Abstract
Ixodes ovatus is referred to as an obligatory blood-sucking ectoparasite that is capable to infest both humans and animals. In the present study, the complete mitochondrial genome of I. ovatus was sequenced and analyzed using next-generation sequencing (NGS) technology. With a size of 14,520 bp, the entire mitogenome contains 37 genes including 13 protein-coding genes (PCGs), 22 transfer RNAs (tRNAs), 2 ribosomal RNAs (rRNAs), and 3 control regions (D-loops). Based on the 13 PCGs nucleotide sequences, the phylogenetic relationship of I. ovatus was analyzed using Maximum-likelihood. As suggested by the results of the obtained phylogenety, I. ovatus is most closely associated with Ixodes hexagonus. This study is expected to promote further studies on the evolution of Ixodidae.

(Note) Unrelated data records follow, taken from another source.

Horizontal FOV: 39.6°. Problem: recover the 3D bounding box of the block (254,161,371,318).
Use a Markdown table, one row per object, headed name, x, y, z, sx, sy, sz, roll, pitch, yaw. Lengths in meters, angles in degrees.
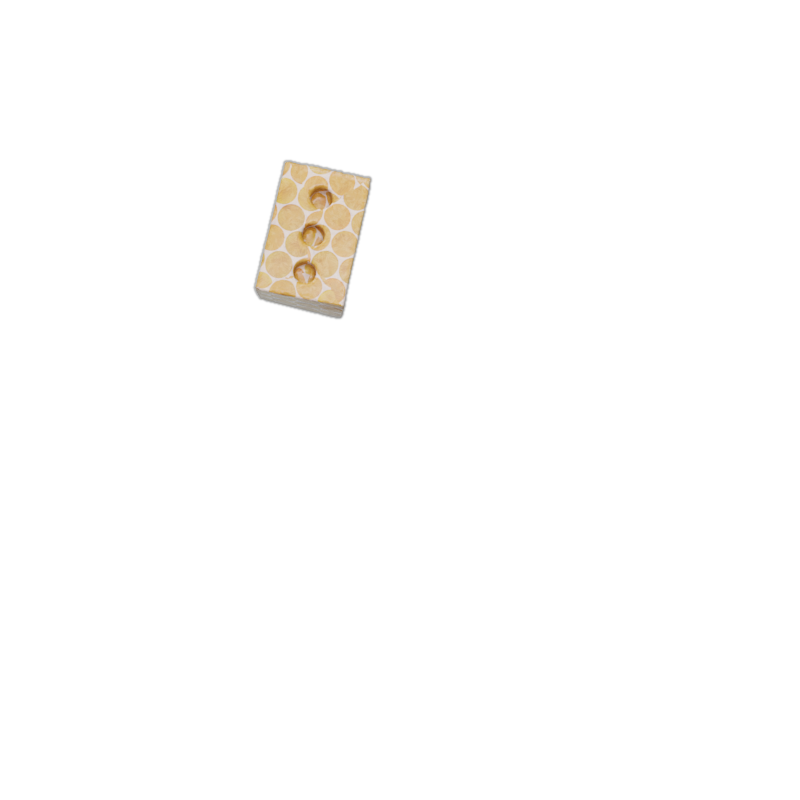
| name | x | y | z | sx | sy | sz | roll | pitch | yaw |
| --- | --- | --- | --- | --- | --- | --- | --- | --- | --- |
| block | -0.051 | -0.093 | 0.650 | 0.053 | 0.079 | 0.050 | 12 | -7 | -1 |
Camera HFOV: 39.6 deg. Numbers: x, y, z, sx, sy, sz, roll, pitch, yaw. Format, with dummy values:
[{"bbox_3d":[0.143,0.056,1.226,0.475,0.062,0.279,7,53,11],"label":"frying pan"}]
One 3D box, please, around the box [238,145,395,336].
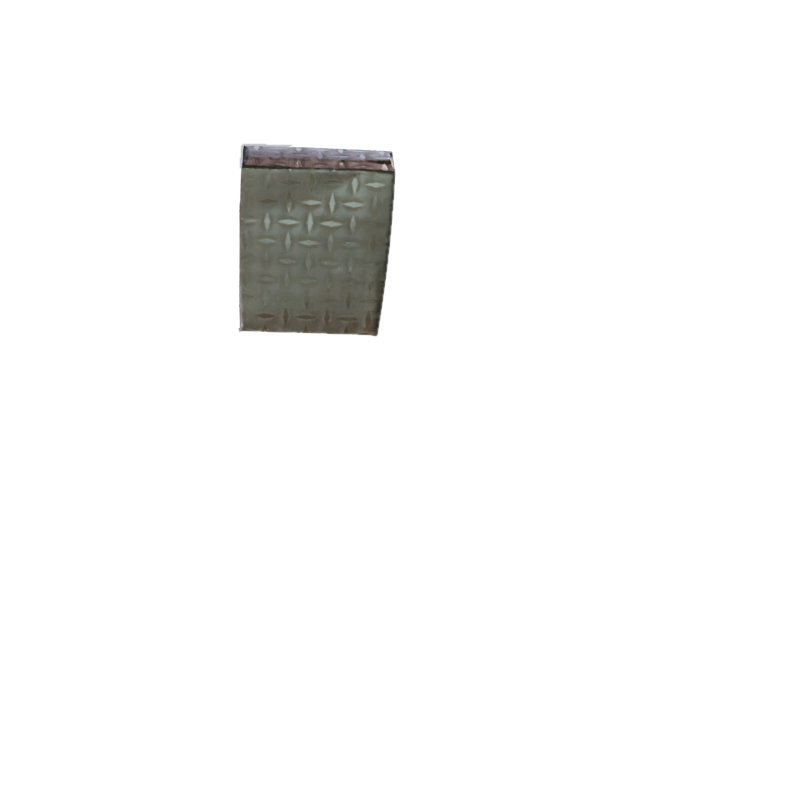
[{"bbox_3d":[-0.052,-0.095,0.664,0.089,0.108,0.041,3,26,-3],"label":"box"}]
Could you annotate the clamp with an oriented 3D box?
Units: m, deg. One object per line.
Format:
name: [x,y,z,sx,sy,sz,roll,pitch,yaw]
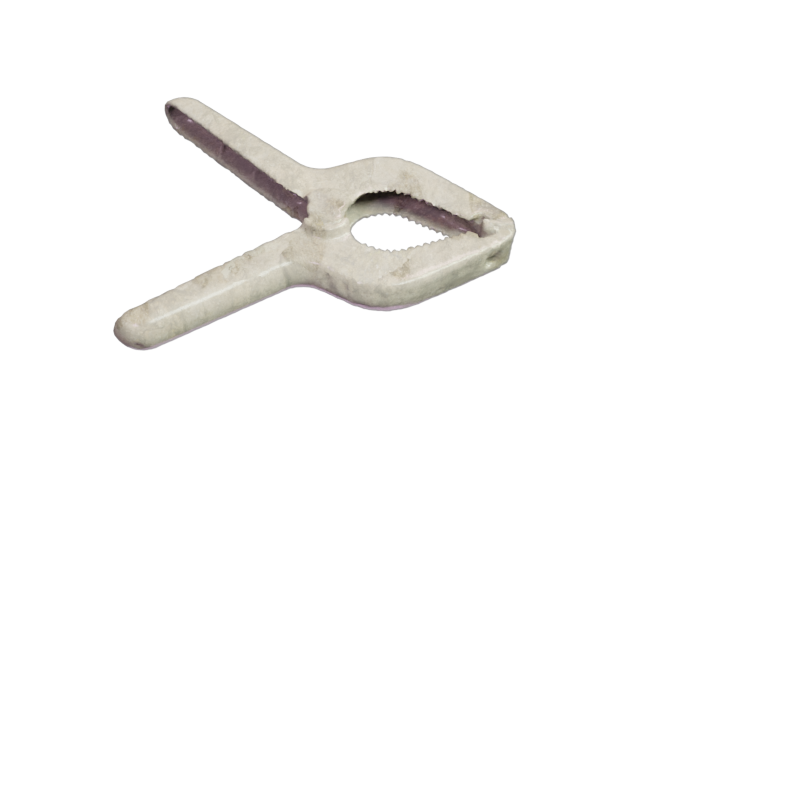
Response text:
clamp: [-0.047,-0.085,0.596,0.212,0.174,0.034,10,-32,6]
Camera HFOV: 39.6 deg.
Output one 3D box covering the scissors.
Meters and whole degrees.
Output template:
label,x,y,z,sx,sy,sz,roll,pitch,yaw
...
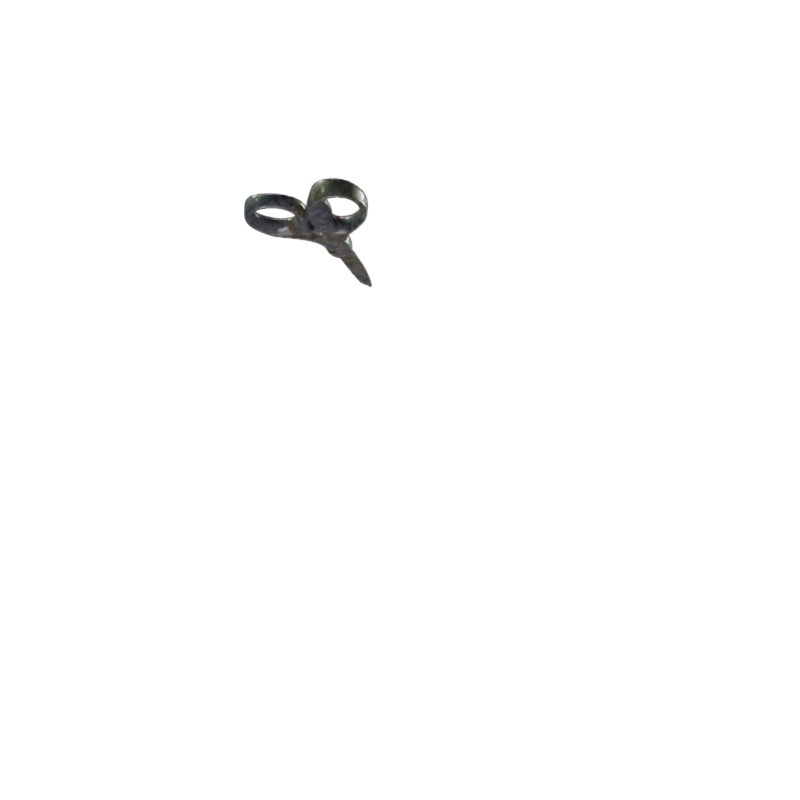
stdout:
label,x,y,z,sx,sy,sz,roll,pitch,yaw
scissors,-0.065,-0.119,0.832,0.096,0.016,0.194,1,-14,-3
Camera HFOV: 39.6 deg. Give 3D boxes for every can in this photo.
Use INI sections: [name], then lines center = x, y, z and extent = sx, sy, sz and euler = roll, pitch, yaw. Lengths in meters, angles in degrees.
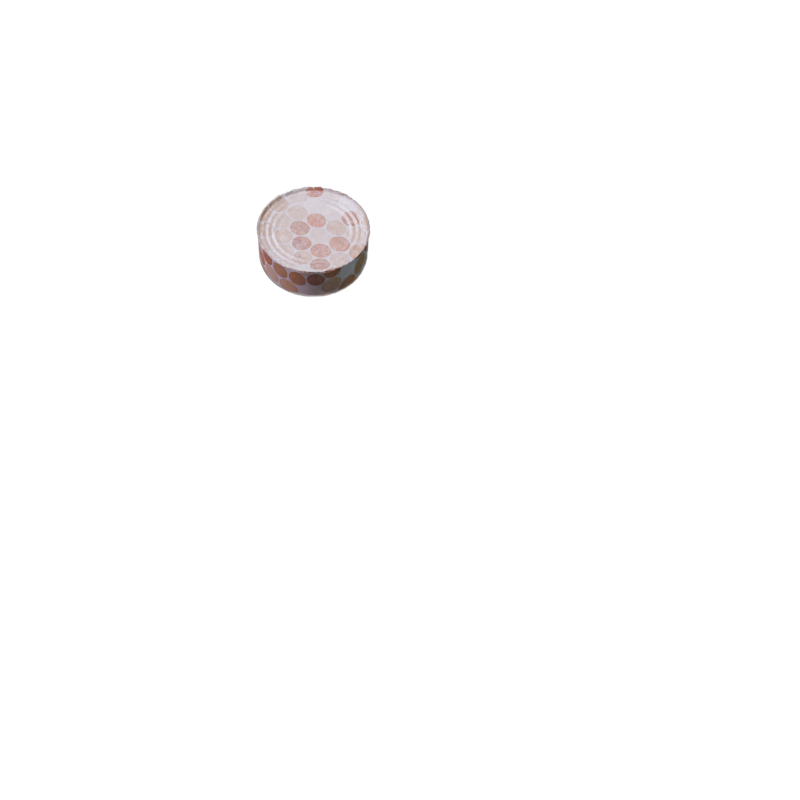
[can]
center = -0.066, -0.121, 0.849
extent = 0.086, 0.092, 0.031
euler = -1, -37, -1
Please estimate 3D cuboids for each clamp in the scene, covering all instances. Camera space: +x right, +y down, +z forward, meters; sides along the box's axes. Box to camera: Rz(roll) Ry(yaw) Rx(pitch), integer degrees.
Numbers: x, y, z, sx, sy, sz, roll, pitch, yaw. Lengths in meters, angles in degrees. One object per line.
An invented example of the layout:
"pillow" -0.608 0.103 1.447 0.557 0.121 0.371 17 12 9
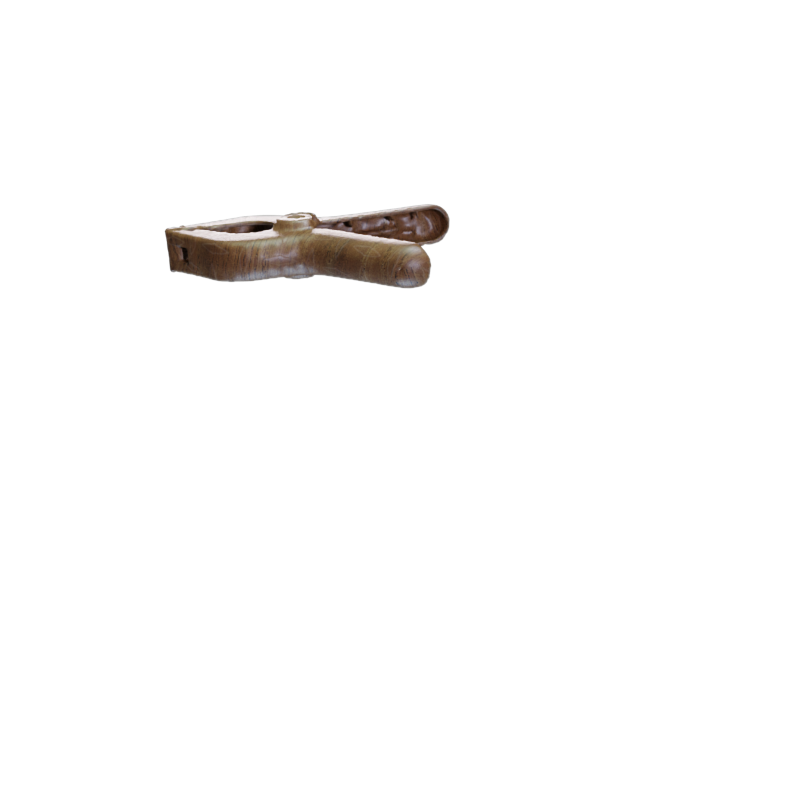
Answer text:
"clamp" -0.052 -0.095 0.662 0.176 0.038 0.120 6 17 19

Ixodes ovatus (Neumann, 1899) is a species of hard tick with a wide geographical distribution across China, Taiwan, Korea, Japan, Burma, and Thailand (Harry Hoogstraal Citation1973). With cows, horses, donkeys, deer, and sheep as known hosts, I. ovatus can accidentally parasitize humans, thus spreading a wide variety of severe animal and human pathogens, including Anaplasma phagocytophilum, Borrelia miyamotoi, Borrelia garinii, and Babesia spp., etc. (Shimada Citation2003). Therefore, correct identification of tick species is essential for disease control (Shimada Citation2003). However, conventional morphological identification requires extensive experience, which may restrict its applications. Since the mitochondrial genome is regarded as an effective genetic marker for species identification, sequencing of their complete mitochondrial genomes is beneficial to the identification and classification of ticks (Taanman Citation1999).

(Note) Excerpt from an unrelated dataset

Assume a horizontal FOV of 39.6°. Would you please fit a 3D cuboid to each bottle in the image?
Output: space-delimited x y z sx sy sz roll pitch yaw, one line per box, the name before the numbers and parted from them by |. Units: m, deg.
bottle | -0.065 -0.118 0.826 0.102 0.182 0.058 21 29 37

In this study, I. ovatus samples were collected in March 2021 from Tue Village, Nujiang City, Yunnan Province, China (98°48′59.84″E, 26°34′20.56″N) and then preserved in 75% ethanol. The recognition of samples was conducted by Professor Chunhong Du based on the morphological characteristics (Lu et al. Citation2021). Then, the specimen was deposited in Parasitological Museum, Dali University NO. DLUP2103 (URL: http://www.dali.edu.cn/jcyxy/xkpt/jcyxsyjxzx/6431.htm, Contact person: Xing Yang, [email protected]). The entire DNA was extracted using the standard CTAB technique, for storage at −20 °C before use (Lu et al. Citation2021). The mitochondrial genome was sequenced on the Illumina NovaSeq platform (Shanghai Personal Biotechnology Co, Ltd) which was assembled using A5-miseq software (Coil et al. Citation2015), and genome annotations were performed using the Swiss-Prot web server (http://www.ebi.ac.uk/uniprot/).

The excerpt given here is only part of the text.